He leaned forward, forearms resting on his knees. The earbud glinted as his head tilted downward.
“It is a mockery. We, what we believe ourselves to be, aren’t worrying or despairing about the lack of meaning. Our brain is keeping us deluded so we continue operating it. But our brain is also the one who makes us recognize the absurdity of it.” His hand gestured vaguely toward his head. “The fact that we believe there is an ‘I’ that somehow looks at this from an elevated position is a delusion.” He extracted another seed from the bag. “You know about that guy, a couple hundred years ago maybe, that laid railroad tracks, right? Had something to do with trains anyway. One spike blew straight through his fucking frontal lobe. Didn’t kill him. Just changed who he was.” The seed cracked. “You take out one part of your brain and you’re no longer you. A stroke kills part of your brain and you’re no longer you.” The shell hit the pile at his feet. “That’s because the brain is making itself believe that it has choices.”
The woman went quiet. She stared at the wet cobblestones reflecting the amber streetlight, her posture still, her breathing visible in small clouds.
“You’re talking about the railroad spike guy,” she said finally. “Phineas Gage. And yeah, you’re right—take out one chunk of brain tissue and the whole ‘I’ thing collapses. Different person, same meat puppet. But here’s what fucks me up about that example. It’s not just that we’re not in control. It’s that there never was an ‘I’ making choices in the first place. Just…” Her hand lifted, fingers spreading. “…neurochemistry pretending to be agency, brain states pretending to be decisions.”
The young man turned his head to look at her directly. She kept her gaze on the cobblestones.
“And we can see it, articulate it, understand it completely—and it doesn’t change anything,” she continued. “I’m still sitting here at 3 a.m. talking to you like this conversation matters, like these words mean something, even though we both know it’s just… what? Electrical impulses in meat that’s lying to itself about being conscious?” She glanced at him, then back to the pavement. “The recognition doesn’t grant freedom. It just makes you more aware of the cage while you keep performing the same biological routines. Eating. Talking. Surviving. All of it automated, all of it predetermined by brain architecture we didn’t choose.” She pulled her hands from her knees and wrapped her arms around herself against the cold. “And the worst part? Even knowing that, I can’t stop hoping there’s something more. That’s the real mockery, isn’t it? The brain’s so good at lying to itself that even when you see through the delusion, you still participate in it.”
The young man leaned back against the bench. He cracked another seed, spat the shell, and looked up at the black sky beyond the streetlight’s circle. Several seconds passed. A breeze moved through the park, rustling the scraggly trees.
“I suppose we’re both beyond questioning what’s the point of it,” he said. His voice carried no particular weight. “Its existence is the point. Its own sake. Even if it’s meaningless. Even if it hurts.”
The woman’s eyes remained fixed on the wet cobblestones reflecting the streetlight’s amber glow. The silence extended. The young man cracked another seed. She glanced at him.

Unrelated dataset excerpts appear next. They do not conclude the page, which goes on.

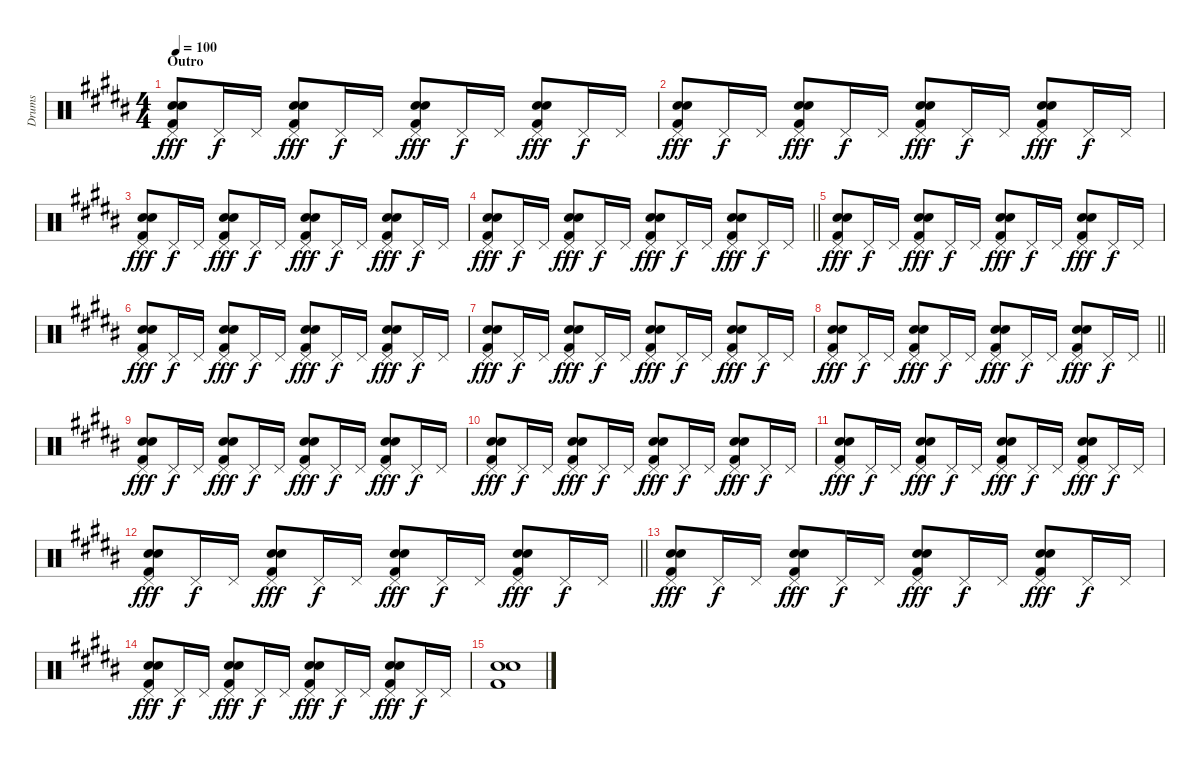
\track ("Drums" "Drums") {instrument percussion}
\staff {score}
\articulation defaults
\ts (4 4)
\section ("" "Outro")
\tempo 100
\clef neutral
\ks b
("Pedal Hi-Hat (hit)" "Snare (hit) 2" "Electric Snare (hit)" "Kick (hit) 2").8{dy fff} "Pedal Hi-Hat (hit)".16{dy f} "Pedal Hi-Hat (hit)".16 ("Pedal Hi-Hat (hit)" "Snare (hit) 2" "Electric Snare (hit)" "Kick (hit) 2").8{dy fff} "Pedal Hi-Hat (hit)".16{dy f} "Pedal Hi-Hat (hit)".16 ("Pedal Hi-Hat (hit)" "Snare (hit) 2" "Electric Snare (hit)" "Kick (hit) 2").8{dy fff} "Pedal Hi-Hat (hit)".16{dy f} "Pedal Hi-Hat (hit)".16 ("Pedal Hi-Hat (hit)" "Snare (hit) 2" "Electric Snare (hit)" "Kick (hit) 2").8{dy fff} "Pedal Hi-Hat (hit)".16{dy f} "Pedal Hi-Hat (hit)".16 |
("Pedal Hi-Hat (hit)" "Snare (hit) 2" "Electric Snare (hit)" "Kick (hit) 2").8{dy fff} "Pedal Hi-Hat (hit)".16{dy f} "Pedal Hi-Hat (hit)".16 ("Pedal Hi-Hat (hit)" "Snare (hit) 2" "Electric Snare (hit)" "Kick (hit) 2").8{dy fff} "Pedal Hi-Hat (hit)".16{dy f} "Pedal Hi-Hat (hit)".16 ("Pedal Hi-Hat (hit)" "Snare (hit) 2" "Electric Snare (hit)" "Kick (hit) 2").8{dy fff} "Pedal Hi-Hat (hit)".16{dy f} "Pedal Hi-Hat (hit)".16 ("Pedal Hi-Hat (hit)" "Snare (hit) 2" "Electric Snare (hit)" "Kick (hit) 2").8{dy fff} "Pedal Hi-Hat (hit)".16{dy f} "Pedal Hi-Hat (hit)".16 |
("Pedal Hi-Hat (hit)" "Snare (hit) 2" "Electric Snare (hit)" "Kick (hit) 2").8{dy fff} "Pedal Hi-Hat (hit)".16{dy f} "Pedal Hi-Hat (hit)".16 ("Pedal Hi-Hat (hit)" "Snare (hit) 2" "Electric Snare (hit)" "Kick (hit) 2").8{dy fff} "Pedal Hi-Hat (hit)".16{dy f} "Pedal Hi-Hat (hit)".16 ("Pedal Hi-Hat (hit)" "Snare (hit) 2" "Electric Snare (hit)" "Kick (hit) 2").8{dy fff} "Pedal Hi-Hat (hit)".16{dy f} "Pedal Hi-Hat (hit)".16 ("Pedal Hi-Hat (hit)" "Snare (hit) 2" "Electric Snare (hit)" "Kick (hit) 2").8{dy fff} "Pedal Hi-Hat (hit)".16{dy f} "Pedal Hi-Hat (hit)".16 |
\barLineRight lightlight
("Pedal Hi-Hat (hit)" "Snare (hit) 2" "Electric Snare (hit)" "Kick (hit) 2").8{dy fff} "Pedal Hi-Hat (hit)".16{dy f} "Pedal Hi-Hat (hit)".16 ("Pedal Hi-Hat (hit)" "Snare (hit) 2" "Electric Snare (hit)" "Kick (hit) 2").8{dy fff} "Pedal Hi-Hat (hit)".16{dy f} "Pedal Hi-Hat (hit)".16 ("Pedal Hi-Hat (hit)" "Snare (hit) 2" "Electric Snare (hit)" "Kick (hit) 2").8{dy fff} "Pedal Hi-Hat (hit)".16{dy f} "Pedal Hi-Hat (hit)".16 ("Pedal Hi-Hat (hit)" "Snare (hit) 2" "Electric Snare (hit)" "Kick (hit) 2").8{dy fff} "Pedal Hi-Hat (hit)".16{dy f} "Pedal Hi-Hat (hit)".16 |
("Pedal Hi-Hat (hit)" "Snare (hit) 2" "Electric Snare (hit)" "Kick (hit) 2").8{dy fff} "Pedal Hi-Hat (hit)".16{dy f} "Pedal Hi-Hat (hit)".16 ("Pedal Hi-Hat (hit)" "Snare (hit) 2" "Electric Snare (hit)" "Kick (hit) 2").8{dy fff} "Pedal Hi-Hat (hit)".16{dy f} "Pedal Hi-Hat (hit)".16 ("Pedal Hi-Hat (hit)" "Snare (hit) 2" "Electric Snare (hit)" "Kick (hit) 2").8{dy fff} "Pedal Hi-Hat (hit)".16{dy f} "Pedal Hi-Hat (hit)".16 ("Pedal Hi-Hat (hit)" "Snare (hit) 2" "Electric Snare (hit)" "Kick (hit) 2").8{dy fff} "Pedal Hi-Hat (hit)".16{dy f} "Pedal Hi-Hat (hit)".16 |
("Pedal Hi-Hat (hit)" "Snare (hit) 2" "Electric Snare (hit)" "Kick (hit) 2").8{dy fff} "Pedal Hi-Hat (hit)".16{dy f} "Pedal Hi-Hat (hit)".16 ("Pedal Hi-Hat (hit)" "Snare (hit) 2" "Electric Snare (hit)" "Kick (hit) 2").8{dy fff} "Pedal Hi-Hat (hit)".16{dy f} "Pedal Hi-Hat (hit)".16 ("Pedal Hi-Hat (hit)" "Snare (hit) 2" "Electric Snare (hit)" "Kick (hit) 2").8{dy fff} "Pedal Hi-Hat (hit)".16{dy f} "Pedal Hi-Hat (hit)".16 ("Pedal Hi-Hat (hit)" "Snare (hit) 2" "Electric Snare (hit)" "Kick (hit) 2").8{dy fff} "Pedal Hi-Hat (hit)".16{dy f} "Pedal Hi-Hat (hit)".16 |
("Pedal Hi-Hat (hit)" "Snare (hit) 2" "Electric Snare (hit)" "Kick (hit) 2").8{dy fff} "Pedal Hi-Hat (hit)".16{dy f} "Pedal Hi-Hat (hit)".16 ("Pedal Hi-Hat (hit)" "Snare (hit) 2" "Electric Snare (hit)" "Kick (hit) 2").8{dy fff} "Pedal Hi-Hat (hit)".16{dy f} "Pedal Hi-Hat (hit)".16 ("Pedal Hi-Hat (hit)" "Snare (hit) 2" "Electric Snare (hit)" "Kick (hit) 2").8{dy fff} "Pedal Hi-Hat (hit)".16{dy f} "Pedal Hi-Hat (hit)".16 ("Pedal Hi-Hat (hit)" "Snare (hit) 2" "Electric Snare (hit)" "Kick (hit) 2").8{dy fff} "Pedal Hi-Hat (hit)".16{dy f} "Pedal Hi-Hat (hit)".16 |
\barLineRight lightlight
("Pedal Hi-Hat (hit)" "Snare (hit) 2" "Electric Snare (hit)" "Kick (hit) 2").8{dy fff} "Pedal Hi-Hat (hit)".16{dy f} "Pedal Hi-Hat (hit)".16 ("Pedal Hi-Hat (hit)" "Snare (hit) 2" "Electric Snare (hit)" "Kick (hit) 2").8{dy fff} "Pedal Hi-Hat (hit)".16{dy f} "Pedal Hi-Hat (hit)".16 ("Pedal Hi-Hat (hit)" "Snare (hit) 2" "Electric Snare (hit)" "Kick (hit) 2").8{dy fff} "Pedal Hi-Hat (hit)".16{dy f} "Pedal Hi-Hat (hit)".16 ("Pedal Hi-Hat (hit)" "Snare (hit) 2" "Electric Snare (hit)" "Kick (hit) 2").8{dy fff} "Pedal Hi-Hat (hit)".16{dy f} "Pedal Hi-Hat (hit)".16 |
("Pedal Hi-Hat (hit)" "Snare (hit) 2" "Electric Snare (hit)" "Kick (hit) 2").8{dy fff} "Pedal Hi-Hat (hit)".16{dy f} "Pedal Hi-Hat (hit)".16 ("Pedal Hi-Hat (hit)" "Snare (hit) 2" "Electric Snare (hit)" "Kick (hit) 2").8{dy fff} "Pedal Hi-Hat (hit)".16{dy f} "Pedal Hi-Hat (hit)".16 ("Pedal Hi-Hat (hit)" "Snare (hit) 2" "Electric Snare (hit)" "Kick (hit) 2").8{dy fff} "Pedal Hi-Hat (hit)".16{dy f} "Pedal Hi-Hat (hit)".16 ("Pedal Hi-Hat (hit)" "Snare (hit) 2" "Electric Snare (hit)" "Kick (hit) 2").8{dy fff} "Pedal Hi-Hat (hit)".16{dy f} "Pedal Hi-Hat (hit)".16 |
("Pedal Hi-Hat (hit)" "Snare (hit) 2" "Electric Snare (hit)" "Kick (hit) 2").8{dy fff} "Pedal Hi-Hat (hit)".16{dy f} "Pedal Hi-Hat (hit)".16 ("Pedal Hi-Hat (hit)" "Snare (hit) 2" "Electric Snare (hit)" "Kick (hit) 2").8{dy fff} "Pedal Hi-Hat (hit)".16{dy f} "Pedal Hi-Hat (hit)".16 ("Pedal Hi-Hat (hit)" "Snare (hit) 2" "Electric Snare (hit)" "Kick (hit) 2").8{dy fff} "Pedal Hi-Hat (hit)".16{dy f} "Pedal Hi-Hat (hit)".16 ("Pedal Hi-Hat (hit)" "Snare (hit) 2" "Electric Snare (hit)" "Kick (hit) 2").8{dy fff} "Pedal Hi-Hat (hit)".16{dy f} "Pedal Hi-Hat (hit)".16 |
("Pedal Hi-Hat (hit)" "Snare (hit) 2" "Electric Snare (hit)" "Kick (hit) 2").8{dy fff} "Pedal Hi-Hat (hit)".16{dy f} "Pedal Hi-Hat (hit)".16 ("Pedal Hi-Hat (hit)" "Snare (hit) 2" "Electric Snare (hit)" "Kick (hit) 2").8{dy fff} "Pedal Hi-Hat (hit)".16{dy f} "Pedal Hi-Hat (hit)".16 ("Pedal Hi-Hat (hit)" "Snare (hit) 2" "Electric Snare (hit)" "Kick (hit) 2").8{dy fff} "Pedal Hi-Hat (hit)".16{dy f} "Pedal Hi-Hat (hit)".16 ("Pedal Hi-Hat (hit)" "Snare (hit) 2" "Electric Snare (hit)" "Kick (hit) 2").8{dy fff} "Pedal Hi-Hat (hit)".16{dy f} "Pedal Hi-Hat (hit)".16 |
\barLineRight lightlight
("Pedal Hi-Hat (hit)" "Snare (hit) 2" "Electric Snare (hit)" "Kick (hit) 2").8{dy fff} "Pedal Hi-Hat (hit)".16{dy f} "Pedal Hi-Hat (hit)".16 ("Pedal Hi-Hat (hit)" "Snare (hit) 2" "Electric Snare (hit)" "Kick (hit) 2").8{dy fff} "Pedal Hi-Hat (hit)".16{dy f} "Pedal Hi-Hat (hit)".16 ("Pedal Hi-Hat (hit)" "Snare (hit) 2" "Electric Snare (hit)" "Kick (hit) 2").8{dy fff} "Pedal Hi-Hat (hit)".16{dy f} "Pedal Hi-Hat (hit)".16 ("Pedal Hi-Hat (hit)" "Snare (hit) 2" "Electric Snare (hit)" "Kick (hit) 2").8{dy fff} "Pedal Hi-Hat (hit)".16{dy f} "Pedal Hi-Hat (hit)".16 |
("Pedal Hi-Hat (hit)" "Snare (hit) 2" "Electric Snare (hit)" "Kick (hit) 2").8{dy fff} "Pedal Hi-Hat (hit)".16{dy f} "Pedal Hi-Hat (hit)".16 ("Pedal Hi-Hat (hit)" "Snare (hit) 2" "Electric Snare (hit)" "Kick (hit) 2").8{dy fff} "Pedal Hi-Hat (hit)".16{dy f} "Pedal Hi-Hat (hit)".16 ("Pedal Hi-Hat (hit)" "Snare (hit) 2" "Electric Snare (hit)" "Kick (hit) 2").8{dy fff} "Pedal Hi-Hat (hit)".16{dy f} "Pedal Hi-Hat (hit)".16 ("Pedal Hi-Hat (hit)" "Snare (hit) 2" "Electric Snare (hit)" "Kick (hit) 2").8{dy fff} "Pedal Hi-Hat (hit)".16{dy f} "Pedal Hi-Hat (hit)".16 |
("Pedal Hi-Hat (hit)" "Snare (hit) 2" "Electric Snare (hit)" "Kick (hit) 2").8{dy fff} "Pedal Hi-Hat (hit)".16{dy f} "Pedal Hi-Hat (hit)".16 ("Pedal Hi-Hat (hit)" "Snare (hit) 2" "Electric Snare (hit)" "Kick (hit) 2").8{dy fff} "Pedal Hi-Hat (hit)".16{dy f} "Pedal Hi-Hat (hit)".16 ("Pedal Hi-Hat (hit)" "Snare (hit) 2" "Electric Snare (hit)" "Kick (hit) 2").8{dy fff} "Pedal Hi-Hat (hit)".16{dy f} "Pedal Hi-Hat (hit)".16 ("Pedal Hi-Hat (hit)" "Snare (hit) 2" "Electric Snare (hit)" "Kick (hit) 2").8{dy fff} "Pedal Hi-Hat (hit)".16{dy f} "Pedal Hi-Hat (hit)".16 |
("Snare (hit) 2" "Electric Snare (hit)" "Kick (hit) 2").1

“I think that’s what fucks me up the most—not that we can’t find meaning, but that we keep looking for it anyway. Keep participating in all this biological bullshit even when we’ve articulated every reason not to. Like we’re hardwired to hope for something we can’t even name, and recognizing that doesn’t let us stop.” She exhaled slowly, the breath visible in the air. “So here we are. 3 a.m. in an empty park, two people who see the trap clearly, eating sunflower seeds and talking philosophy like it matters. And maybe it does. Or maybe we’re just… doing what the meat puppet demands. Connection, conversation, the illusion that this moment registers as something more than neurochemistry pretending to be consciousness.” Her gaze returned to the darkness beyond the streetlight’s circle. Several seconds passed without speech. “I don’t know which it is. But I’m glad you’re here anyway.”
The young man turned his head. His eyes—tired, heavy-lidded—settled on her face. The earbud caught the light as he moved.

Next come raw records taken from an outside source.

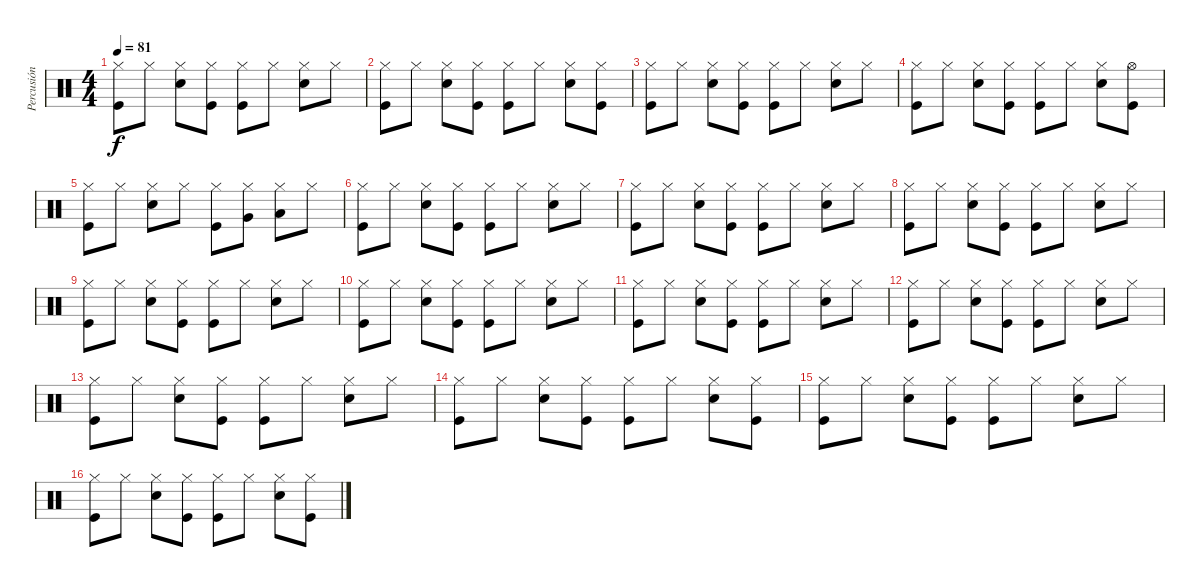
\track ("Percusión" "Percusión") {instrument percussion}
\staff {score}
\articulation defaults
\ts (4 4)
\tempo 81
\clef neutral
\ks c
("Hi-Hat (closed)" "Kick (hit)").8{dy f} "Hi-Hat (closed)".8 ("Hi-Hat (closed)" "Electric Snare (hit)").8 ("Hi-Hat (closed)" "Kick (hit)").8 ("Hi-Hat (closed)" "Kick (hit)").8 "Hi-Hat (closed)".8 ("Hi-Hat (closed)" "Electric Snare (hit)").8 "Hi-Hat (closed)".8 |
("Hi-Hat (closed)" "Kick (hit)").8 "Hi-Hat (closed)".8 ("Hi-Hat (closed)" "Electric Snare (hit)").8 ("Hi-Hat (closed)" "Kick (hit)").8 ("Hi-Hat (closed)" "Kick (hit)").8 "Hi-Hat (closed)".8 ("Hi-Hat (closed)" "Electric Snare (hit)").8 ("Hi-Hat (closed)" "Kick (hit)").8 |
("Hi-Hat (closed)" "Kick (hit)").8 "Hi-Hat (closed)".8 ("Hi-Hat (closed)" "Electric Snare (hit)").8 ("Hi-Hat (closed)" "Kick (hit)").8 ("Hi-Hat (closed)" "Kick (hit)").8 "Hi-Hat (closed)".8 ("Hi-Hat (closed)" "Electric Snare (hit)").8 "Hi-Hat (closed)".8 |
("Hi-Hat (closed)" "Kick (hit)").8 "Hi-Hat (closed)".8 ("Hi-Hat (closed)" "Electric Snare (hit)").8 ("Hi-Hat (closed)" "Kick (hit)").8 ("Hi-Hat (closed)" "Kick (hit)").8 "Hi-Hat (closed)".8 ("Hi-Hat (closed)" "Electric Snare (hit)").8 ("Hi-Hat (open)" "Kick (hit)").8 |
("Hi-Hat (closed)" "Kick (hit)").8 "Hi-Hat (closed)".8 ("Hi-Hat (closed)" "Electric Snare (hit)").8 "Hi-Hat (closed)".8 ("Hi-Hat (closed)" "Kick (hit)").8 ("Hi-Hat (closed)" "Very Low Tom (hit)").8 ("Hi-Hat (closed)" "Low Tom (hit)").8 "Hi-Hat (closed)".8 |
("Hi-Hat (closed)" "Kick (hit)").8 "Hi-Hat (closed)".8 ("Hi-Hat (closed)" "Electric Snare (hit)").8 ("Hi-Hat (closed)" "Kick (hit)").8 ("Hi-Hat (closed)" "Kick (hit)").8 "Hi-Hat (closed)".8 ("Hi-Hat (closed)" "Electric Snare (hit)").8 "Hi-Hat (closed)".8 |
("Hi-Hat (closed)" "Kick (hit)").8 "Hi-Hat (closed)".8 ("Hi-Hat (closed)" "Electric Snare (hit)").8 ("Hi-Hat (closed)" "Kick (hit)").8 ("Hi-Hat (closed)" "Kick (hit)").8 "Hi-Hat (closed)".8 ("Hi-Hat (closed)" "Electric Snare (hit)").8 "Hi-Hat (closed)".8 |
("Hi-Hat (closed)" "Kick (hit)").8 "Hi-Hat (closed)".8 ("Hi-Hat (closed)" "Electric Snare (hit)").8 ("Hi-Hat (closed)" "Kick (hit)").8 ("Hi-Hat (closed)" "Kick (hit)").8 "Hi-Hat (closed)".8 ("Hi-Hat (closed)" "Electric Snare (hit)").8 "Hi-Hat (closed)".8 |
("Hi-Hat (closed)" "Kick (hit)").8 "Hi-Hat (closed)".8 ("Hi-Hat (closed)" "Electric Snare (hit)").8 ("Hi-Hat (closed)" "Kick (hit)").8 ("Hi-Hat (closed)" "Kick (hit)").8 "Hi-Hat (closed)".8 ("Hi-Hat (closed)" "Electric Snare (hit)").8 "Hi-Hat (closed)".8 |
("Hi-Hat (closed)" "Kick (hit)").8 "Hi-Hat (closed)".8 ("Hi-Hat (closed)" "Electric Snare (hit)").8 ("Hi-Hat (closed)" "Kick (hit)").8 ("Hi-Hat (closed)" "Kick (hit)").8 "Hi-Hat (closed)".8 ("Hi-Hat (closed)" "Electric Snare (hit)").8 "Hi-Hat (closed)".8 |
("Hi-Hat (closed)" "Kick (hit)").8 "Hi-Hat (closed)".8 ("Hi-Hat (closed)" "Electric Snare (hit)").8 ("Hi-Hat (closed)" "Kick (hit)").8 ("Hi-Hat (closed)" "Kick (hit)").8 "Hi-Hat (closed)".8 ("Hi-Hat (closed)" "Electric Snare (hit)").8 "Hi-Hat (closed)".8 |
("Hi-Hat (closed)" "Kick (hit)").8 "Hi-Hat (closed)".8 ("Hi-Hat (closed)" "Electric Snare (hit)").8 ("Hi-Hat (closed)" "Kick (hit)").8 ("Hi-Hat (closed)" "Kick (hit)").8 "Hi-Hat (closed)".8 ("Hi-Hat (closed)" "Electric Snare (hit)").8 "Hi-Hat (closed)".8 |
("Hi-Hat (closed)" "Kick (hit)").8 "Hi-Hat (closed)".8 ("Hi-Hat (closed)" "Electric Snare (hit)").8 ("Hi-Hat (closed)" "Kick (hit)").8 ("Hi-Hat (closed)" "Kick (hit)").8 "Hi-Hat (closed)".8 ("Hi-Hat (closed)" "Electric Snare (hit)").8 "Hi-Hat (closed)".8 |
("Hi-Hat (closed)" "Kick (hit)").8 "Hi-Hat (closed)".8 ("Hi-Hat (closed)" "Electric Snare (hit)").8 ("Hi-Hat (closed)" "Kick (hit)").8 ("Hi-Hat (closed)" "Kick (hit)").8 "Hi-Hat (closed)".8 ("Hi-Hat (closed)" "Electric Snare (hit)").8 ("Hi-Hat (closed)" "Kick (hit)").8 |
("Hi-Hat (closed)" "Kick (hit)").8 "Hi-Hat (closed)".8 ("Hi-Hat (closed)" "Electric Snare (hit)").8 ("Hi-Hat (closed)" "Kick (hit)").8 ("Hi-Hat (closed)" "Kick (hit)").8 "Hi-Hat (closed)".8 ("Hi-Hat (closed)" "Electric Snare (hit)").8 "Hi-Hat (closed)".8 |
("Hi-Hat (closed)" "Kick (hit)").8 "Hi-Hat (closed)".8 ("Hi-Hat (closed)" "Electric Snare (hit)").8 ("Hi-Hat (closed)" "Kick (hit)").8 ("Hi-Hat (closed)" "Kick (hit)").8 "Hi-Hat (closed)".8 ("Hi-Hat (closed)" "Electric Snare (hit)").8 ("Hi-Hat (closed)" "Kick (hit)").8

“Are you?” His voice carried the same flat delivery. “Glad, I mean. I know what you are, what you came here to do. You can’t control it for much longer, can you?”
The woman went very still. Her red eyes locked on him, her body frozen in place. The only movement was her breathing, small clouds forming and dissipating in the cold air. She didn’t blink.
“Yeah. I know what I am.” Her voice remained steady. “And you’re right—I can’t control it for much longer. Three days, like clockwork.” She exhaled slowly, her shoulders lowering slightly. “But here’s the fucked up part. I came here to feed. That’s what I do—find someone isolated, someone vulnerable, and I… take what I need. But you started talking about meat puppets and biological imprisonment and the brain lying to itself about continuation, and suddenly I didn’t want to be a predator anymore. I wanted to be a person having a conversation with another person who sees the same trap I do.” She looked away, turning her gaze toward the darkness beyond the streetlight’s reach. “So yeah. I’m glad you’re here. Not because you’re a feeding target, but because for the last however many minutes, I got to pretend I’m something other than what my biology demands I be. That probably doesn’t make sense. Or maybe it makes perfect sense and that’s the real mockery—that even when you know exactly what you are and what you’re going to do, you still reach for moments that make you feel less monstrous. Even when they’re temporary. Even when they don’t change anything.”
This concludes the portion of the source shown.